At some points, he said recently, they confronted armed militia and state police trying to stop the protests with water cannon and other aggressive tactics despite sub-freezing weather. He chronicled events there in his blog. Wathen said, “Once I got there in August, I got so engrossed in the movement. I figured out that it wasn’t just about the pipeline, not just about environmental concerns. These were treaty violations that were going on for generations. The U.S. has never honored a single treaty signed with a Native American nation, and this is what this was about.”
The Creekkeeper is passionate about improving the environment and calling out anyone he finds polluting the land, water or air.
“I’m angry about how things are turning out now,” Wathen said. “It seems everything I’ve done the last almost 40 years as an environmentalist is in retrograde. Our entire movement that came in in the 1970s and culminated in the Clean Water Act, the Clean Air Act, and other laws have been rolled back in the Trump administration – we’re going to have to go back and re-do everything. Every time Trump pulls one of his executive orders, we all have to go into a reactionary mode to defend the law we already got passed.
“I feel like I’ve been fighting these same knot-heads for decades and now we’re getting the same results that we started out with,” he added.

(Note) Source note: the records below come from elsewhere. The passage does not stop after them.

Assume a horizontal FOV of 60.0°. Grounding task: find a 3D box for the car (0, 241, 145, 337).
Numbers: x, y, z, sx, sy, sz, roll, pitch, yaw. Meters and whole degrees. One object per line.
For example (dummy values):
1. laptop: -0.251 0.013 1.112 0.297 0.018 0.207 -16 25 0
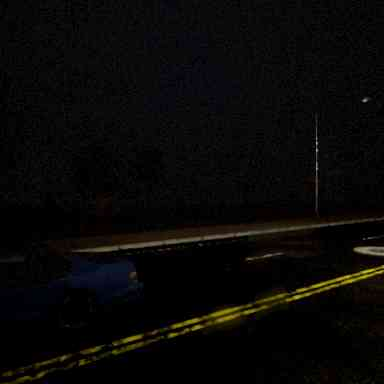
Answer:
1. car: -3.442 1.547 5.216 5.357 1.411 2.033 0 0 -35
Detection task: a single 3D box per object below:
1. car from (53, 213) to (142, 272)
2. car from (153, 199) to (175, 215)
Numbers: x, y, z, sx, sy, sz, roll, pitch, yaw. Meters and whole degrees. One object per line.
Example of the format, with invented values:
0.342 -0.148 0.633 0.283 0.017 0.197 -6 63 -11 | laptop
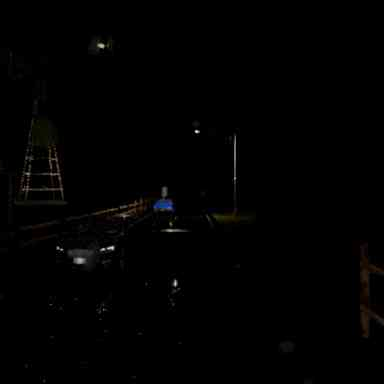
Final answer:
-2.824 1.473 10.845 2.128 1.511 4.902 0 0 0 | car
-2.751 1.420 33.421 1.882 1.535 5.008 0 0 0 | car
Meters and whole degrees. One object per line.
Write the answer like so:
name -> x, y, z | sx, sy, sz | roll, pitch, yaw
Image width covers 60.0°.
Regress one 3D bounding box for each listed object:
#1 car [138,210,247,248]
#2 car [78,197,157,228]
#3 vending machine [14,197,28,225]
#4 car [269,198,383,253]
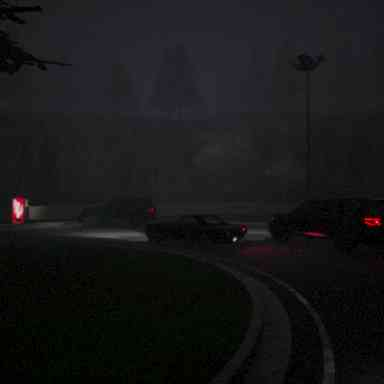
car -> 0.009, 1.692, 15.191 | 4.718, 1.301, 1.895 | -1, -1, 37
car -> -5.234, 1.413, 23.820 | 5.566, 2.045, 2.150 | -1, -1, 3
vending machine -> -13.528, 1.482, 26.372 | 0.880, 2.100, 1.100 | 0, 0, -22
car -> 5.778, 1.251, 14.139 | 2.150, 2.045, 5.566 | 1, -1, -30
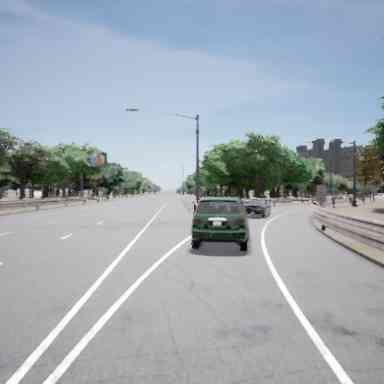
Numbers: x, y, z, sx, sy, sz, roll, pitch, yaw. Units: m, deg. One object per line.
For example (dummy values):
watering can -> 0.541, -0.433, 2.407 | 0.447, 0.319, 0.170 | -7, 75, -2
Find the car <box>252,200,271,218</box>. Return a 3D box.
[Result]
car -> 6.166, 1.541, 30.963 | 1.837, 1.490, 4.892 | 0, 0, 22

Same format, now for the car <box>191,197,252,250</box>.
car -> 1.394, 1.232, 14.556 | 2.150, 2.045, 5.566 | 0, 0, 10

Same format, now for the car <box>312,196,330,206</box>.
car -> 22.036, 1.425, 56.514 | 2.097, 1.767, 4.553 | 0, 0, 40
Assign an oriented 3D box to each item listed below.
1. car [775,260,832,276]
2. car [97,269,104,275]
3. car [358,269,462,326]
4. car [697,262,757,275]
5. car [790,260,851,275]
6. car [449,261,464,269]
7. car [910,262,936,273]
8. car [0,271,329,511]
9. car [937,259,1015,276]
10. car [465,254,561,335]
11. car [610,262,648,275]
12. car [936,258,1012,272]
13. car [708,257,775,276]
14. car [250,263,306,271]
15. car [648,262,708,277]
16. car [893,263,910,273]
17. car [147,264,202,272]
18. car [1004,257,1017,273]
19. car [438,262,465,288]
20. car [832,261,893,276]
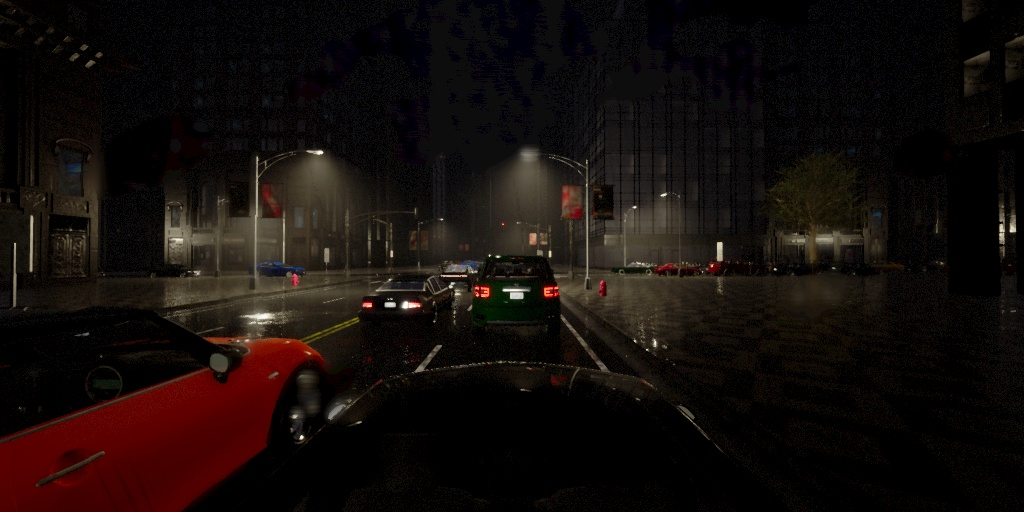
[{"bbox_3d":[26.643,1.276,33.478,4.313,1.339,1.948,0,0,-1],"label":"car"},{"bbox_3d":[-43.366,1.525,35.471,4.892,1.490,1.837,0,-1,0],"label":"car"},{"bbox_3d":[-3.121,1.307,11.705,2.033,1.411,5.357,0,0,0],"label":"car"},{"bbox_3d":[23.461,1.335,39.214,5.357,1.411,2.033,0,-1,-1],"label":"car"},{"bbox_3d":[33.763,1.251,39.341,4.902,1.511,2.128,0,-1,-1],"label":"car"},{"bbox_3d":[-9.716,1.571,63.168,1.812,1.442,4.674,0,0,1],"label":"car"},{"bbox_3d":[49.084,1.326,42.316,4.313,1.339,1.948,0,0,-1],"label":"car"},{"bbox_3d":[-3.147,1.102,2.293,2.097,1.767,4.553,0,0,0],"label":"car"},{"bbox_3d":[43.557,1.214,33.714,4.507,1.381,1.888,0,0,-1],"label":"car"},{"bbox_3d":[0.114,0.979,10.620,2.150,2.045,5.566,0,0,0],"label":"car"},{"bbox_3d":[13.211,1.422,39.067,4.718,1.301,1.895,0,-1,0],"label":"car"},{"bbox_3d":[46.784,1.198,36.334,4.892,1.490,1.837,0,-1,-1],"label":"car"},{"bbox_3d":[21.006,1.041,33.400,5.009,1.841,2.192,0,0,-1],"label":"car"},{"bbox_3d":[-23.041,1.407,35.416,5.008,1.535,1.882,0,-1,0],"label":"car"},{"bbox_3d":[15.367,1.327,33.322,4.207,1.307,1.802,0,0,-1],"label":"car"},{"bbox_3d":[43.274,1.296,42.235,4.829,1.417,1.751,0,0,-1],"label":"car"},{"bbox_3d":[-33.296,1.502,35.439,4.674,1.442,1.812,0,-1,0],"label":"car"},{"bbox_3d":[49.195,0.973,33.792,5.009,1.841,2.192,0,0,-1],"label":"car"},{"bbox_3d":[-3.123,1.280,21.442,2.128,1.511,4.902,0,0,0],"label":"car"},{"bbox_3d":[32.280,1.260,33.556,4.313,1.339,1.948,0,0,-1],"label":"car"}]
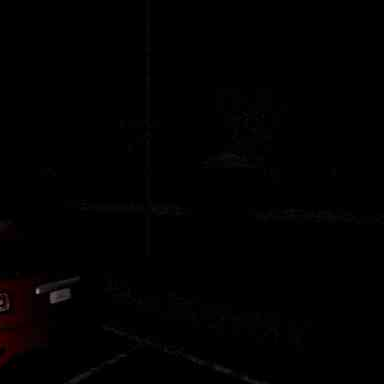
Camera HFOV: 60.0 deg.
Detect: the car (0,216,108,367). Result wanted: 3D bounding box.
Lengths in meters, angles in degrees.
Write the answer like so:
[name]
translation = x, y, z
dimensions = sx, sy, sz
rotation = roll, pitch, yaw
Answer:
[car]
translation = -3.512, 1.318, 5.351
dimensions = 5.009, 1.841, 2.192
rotation = 0, 0, 35
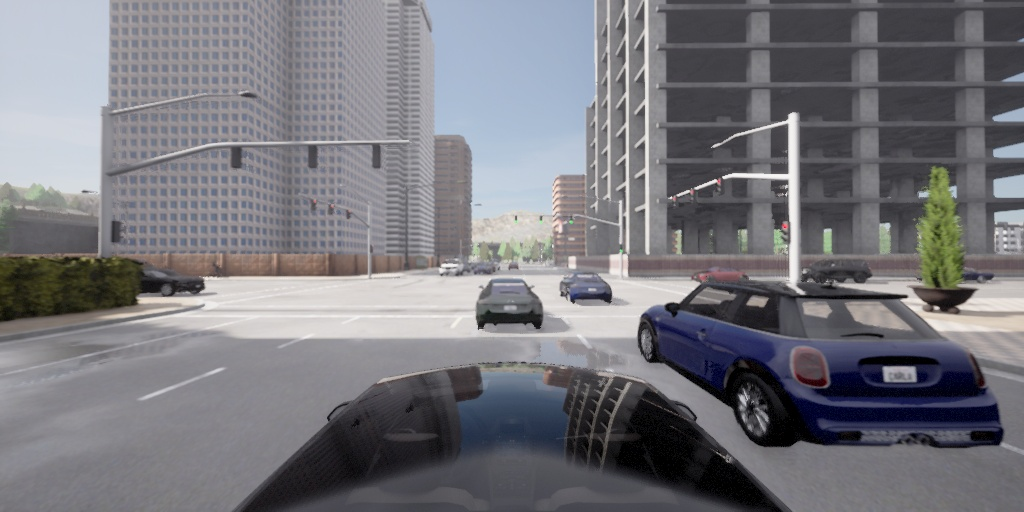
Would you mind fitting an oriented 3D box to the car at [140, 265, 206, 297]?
[{"bbox_3d":[-19.872,1.404,19.891,5.008,1.535,1.882,0,-1,1],"label":"car"}]

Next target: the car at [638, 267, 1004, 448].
[{"bbox_3d":[3.598,1.139,5.453,2.097,1.767,4.553,0,-1,0],"label":"car"}]

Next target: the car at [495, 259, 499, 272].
[{"bbox_3d":[-3.589,1.625,55.339,2.097,1.767,4.553,0,-1,1],"label":"car"}]

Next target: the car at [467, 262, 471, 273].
[{"bbox_3d":[-7.133,1.815,53.051,1.994,1.385,4.181,0,-1,1],"label":"car"}]

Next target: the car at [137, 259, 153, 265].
[{"bbox_3d":[-25.183,1.182,23.429,5.566,2.045,2.150,0,-1,0],"label":"car"}]

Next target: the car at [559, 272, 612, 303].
[{"bbox_3d":[3.529,1.472,17.811,1.994,1.385,4.181,0,0,0],"label":"car"}]

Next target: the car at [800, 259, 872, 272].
[{"bbox_3d":[26.972,1.252,30.294,5.566,2.045,2.150,0,-1,1],"label":"car"}]

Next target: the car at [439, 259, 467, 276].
[{"bbox_3d":[-7.271,1.380,43.636,2.150,2.045,5.566,0,-1,1],"label":"car"}]

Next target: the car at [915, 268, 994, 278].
[{"bbox_3d":[37.101,1.631,30.218,4.718,1.301,1.895,0,-1,0],"label":"car"}]

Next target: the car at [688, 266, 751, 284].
[{"bbox_3d":[17.506,1.594,30.351,4.181,1.385,1.994,0,-1,0],"label":"car"}]

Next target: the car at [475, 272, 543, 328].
[{"bbox_3d":[-0.167,1.413,11.847,1.994,1.385,4.181,0,-1,-4],"label":"car"}]

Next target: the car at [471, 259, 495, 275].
[{"bbox_3d":[-3.729,1.540,46.594,2.097,1.767,4.553,0,-1,1],"label":"car"}]

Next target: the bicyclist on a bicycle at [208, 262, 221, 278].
[{"bbox_3d":[-29.391,1.379,35.437,0.582,1.620,1.656,0,0,0],"label":"bicyclist on a bicycle"}]

Despite the discouragement, he still has hope: “In my line of work, if you ever lose sight of hope, you need to quit and walk away,” he said. “Without hope, you ain’t going to accomplish nothing.”
Staying Warm in a Teepee
As for the weather conditions in North Dakota, Wathen said, “Southern boys don’t know nothin’ about winter. During the worst, we often had winds of 50 to 60 miles per hour and temperatures 20 to 30 degrees below zero.”
Yet, he said, he stayed comfortable in his teepee with a small propane heater going. And a Sioux friend later told him the structure’s design made it perfect for self-isolation during the current coronavirus pandemic. “The fire’s in the middle, and air’s coming in from under the skirts (bottom edge) so everything you breathe out is pulled up through the smoke hole,” Wathen said. “Native Americans used it to quarantine members of their tribe who got sick. They put them in the teepee and always stayed on the opposite side of the fire from the sick one.”
Following a surgery last year from which he’s now recovered, Wathen wants to put his teepee back up at his residence. “Only thing is, in the South, if you don’t keep a fire or heater going, you’ll have a mildew issue,” he said.